Una vicenda controversa


Fu suicidio per un amore impossibile o una duplice esecuzione, giustificata da un’ambigua “Ragion di Stato”? Sono trascorsi centotrenta anni dalla morte dell’Arciduca Rodolfo, trentunenne erede al trono degli Asburgo-Lorena e della sua amante, la Baronessina diciassettenne Marie Alexandrine von Vetsera, eppure, ancora oggi, non è del tutto chiaro ciò che accadde la notte di quel 30 gennaio 1889, in un piccolo castello, nel sud dell’Austria. Anche se, la scoperta di una lettera, di sicuro l’ultima, inviata dalla ragazza alla madre e rinvenuta, nel 2015, nel caveau di una banca austriaca, renderebbe veritiera la tesi dell’omicidio-suicidio, come tragico epilogo di una passione senza la speranze.

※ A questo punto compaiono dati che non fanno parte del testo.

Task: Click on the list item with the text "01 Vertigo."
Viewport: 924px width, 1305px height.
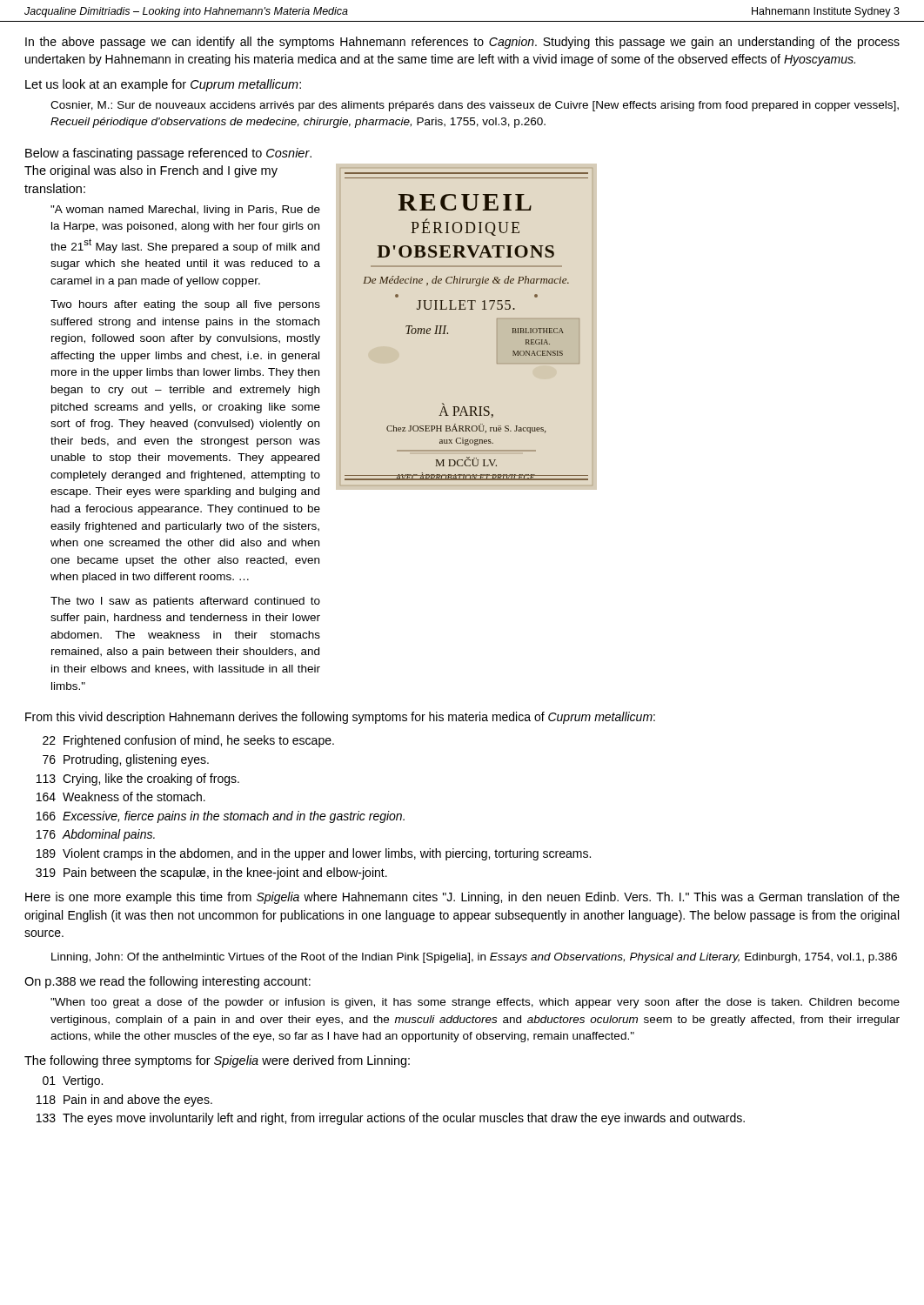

Quella mattina d’inverno imbiancata dalla neve, alle 6,30, nella residenza imperiale di caccia a Mayerling, località non lontana da Vienna, il cameriere personale del Principe Rodolfo, inquieto primogenito dell’Imperatore Francesco Giuseppe e della bellissima ed amatissima consorte Elisabetta “Sissi” di Wittelsbach, aprendo la porta della camera da letto patronale, si trovò di fronte una scena terrificante. Il giovane era seduto riverso sul letto, esanime, con la bocca ed il mento sporchi di sangue. Accanto a lui, giaceva il cadavere, disteso, di Maria Vetsera, che stringeva tra le mani congiunte, un mazzo di fiori campestri. Nella stanza verranno ritrovate due lettere di addio, entrambe scritte da Rodolfo, una alla madre e una alla moglie che, peraltro, era a conoscenza della “liaison” amorosa. La servitù, attonita, non seppe al momento cosa fare, se non avvisare immediatamente Vienna dell’accaduto. Apparve a tutti evidente, fin da subito, che il giovane si era tolto la vita, dopo aver ucciso la sua compagna, innamorata di lui fin da quel fatale incontro, avvenuto un anno prima, ad un ballo di corte. Era un uomo sposato, morto, per di più, in odore di peccato, un fatto assolutamente non trascurabile nella cattolicissima corte asburgica.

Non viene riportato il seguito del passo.